WORK ORDER:
Leaving out every picture, quote the data below exactly as it appears.

RECORDS SHOWN:
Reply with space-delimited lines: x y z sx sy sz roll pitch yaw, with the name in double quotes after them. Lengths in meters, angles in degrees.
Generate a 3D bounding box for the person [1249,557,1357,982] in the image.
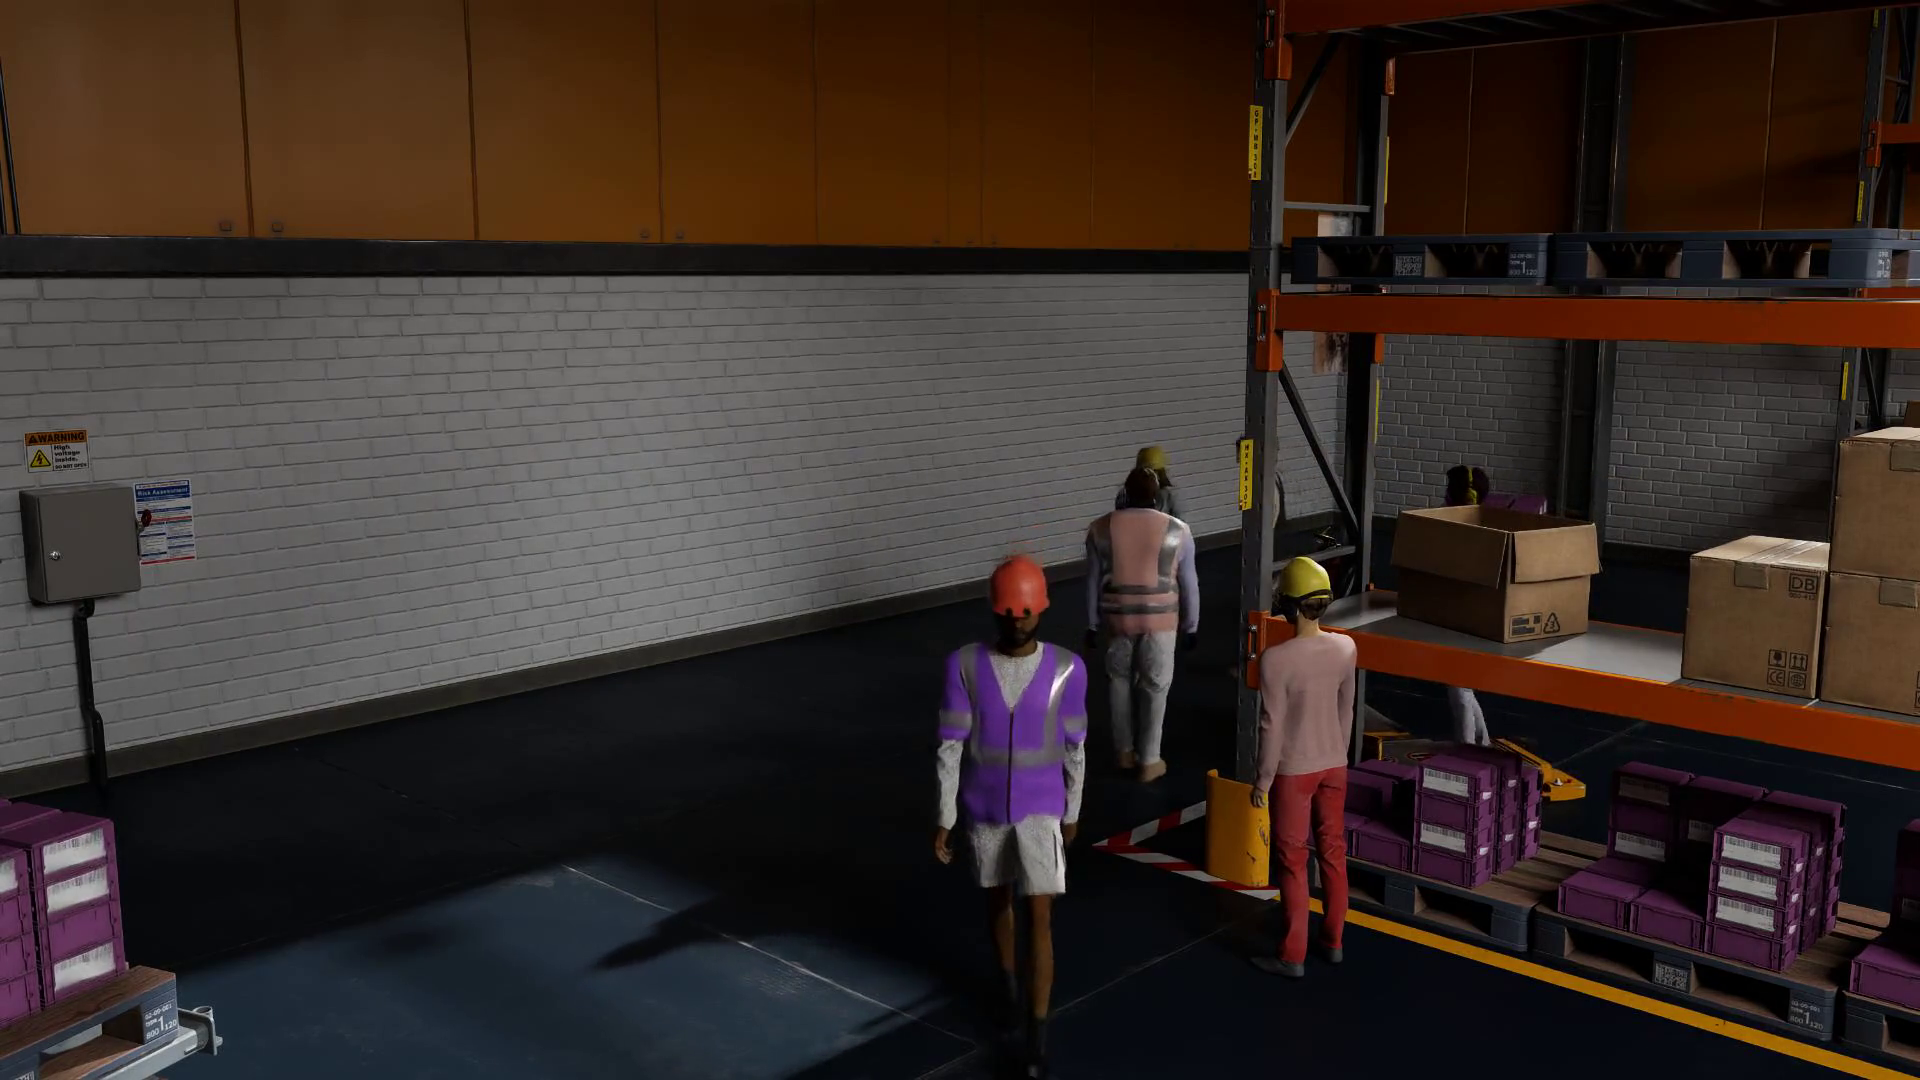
1.420 0.949 6.932 0.525 1.769 0.327 -6 11 -31 "person"

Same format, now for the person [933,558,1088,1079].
0.185 1.014 6.146 0.555 1.890 0.971 1 9 7 "person"

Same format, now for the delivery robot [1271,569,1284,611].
2.767 0.393 13.761 0.477 0.478 0.707 3 10 20 "delivery robot"

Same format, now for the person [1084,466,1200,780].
1.056 0.478 9.615 0.663 1.826 0.508 2 10 13 "person"

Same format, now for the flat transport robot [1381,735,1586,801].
2.690 1.302 9.340 1.431 0.197 0.652 -2 9 -11 "flat transport robot"

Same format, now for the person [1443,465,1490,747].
2.840 0.505 9.366 0.359 1.875 0.562 2 10 14 "person"

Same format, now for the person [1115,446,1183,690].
1.297 0.199 11.623 0.510 1.725 0.418 3 10 20 "person"

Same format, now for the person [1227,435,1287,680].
2.185 0.136 11.754 0.504 1.816 0.559 3 10 19 "person"

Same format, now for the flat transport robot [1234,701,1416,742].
2.239 1.146 10.299 0.652 0.197 1.431 -2 9 -10 "flat transport robot"

RESPONSE:
Reply with space-delimited lines: x y z sx sy sz roll pitch yaw, with the name in double quotes after them. Lengths in meters, angles in degrees.
Generate a 3D bounding box for the person [1249,557,1357,982] in the image.
1.420 0.949 6.932 0.525 1.769 0.327 -6 11 -31 "person"

Same format, now for the person [933,558,1088,1079].
0.185 1.014 6.146 0.555 1.890 0.971 1 9 7 "person"

Same format, now for the delivery robot [1271,569,1284,611].
2.767 0.393 13.761 0.477 0.478 0.707 3 10 20 "delivery robot"

Same format, now for the person [1084,466,1200,780].
1.056 0.478 9.615 0.663 1.826 0.508 2 10 13 "person"

Same format, now for the flat transport robot [1381,735,1586,801].
2.690 1.302 9.340 1.431 0.197 0.652 -2 9 -11 "flat transport robot"

Same format, now for the person [1443,465,1490,747].
2.840 0.505 9.366 0.359 1.875 0.562 2 10 14 "person"

Same format, now for the person [1115,446,1183,690].
1.297 0.199 11.623 0.510 1.725 0.418 3 10 20 "person"

Same format, now for the person [1227,435,1287,680].
2.185 0.136 11.754 0.504 1.816 0.559 3 10 19 "person"

Same format, now for the flat transport robot [1234,701,1416,742].
2.239 1.146 10.299 0.652 0.197 1.431 -2 9 -10 "flat transport robot"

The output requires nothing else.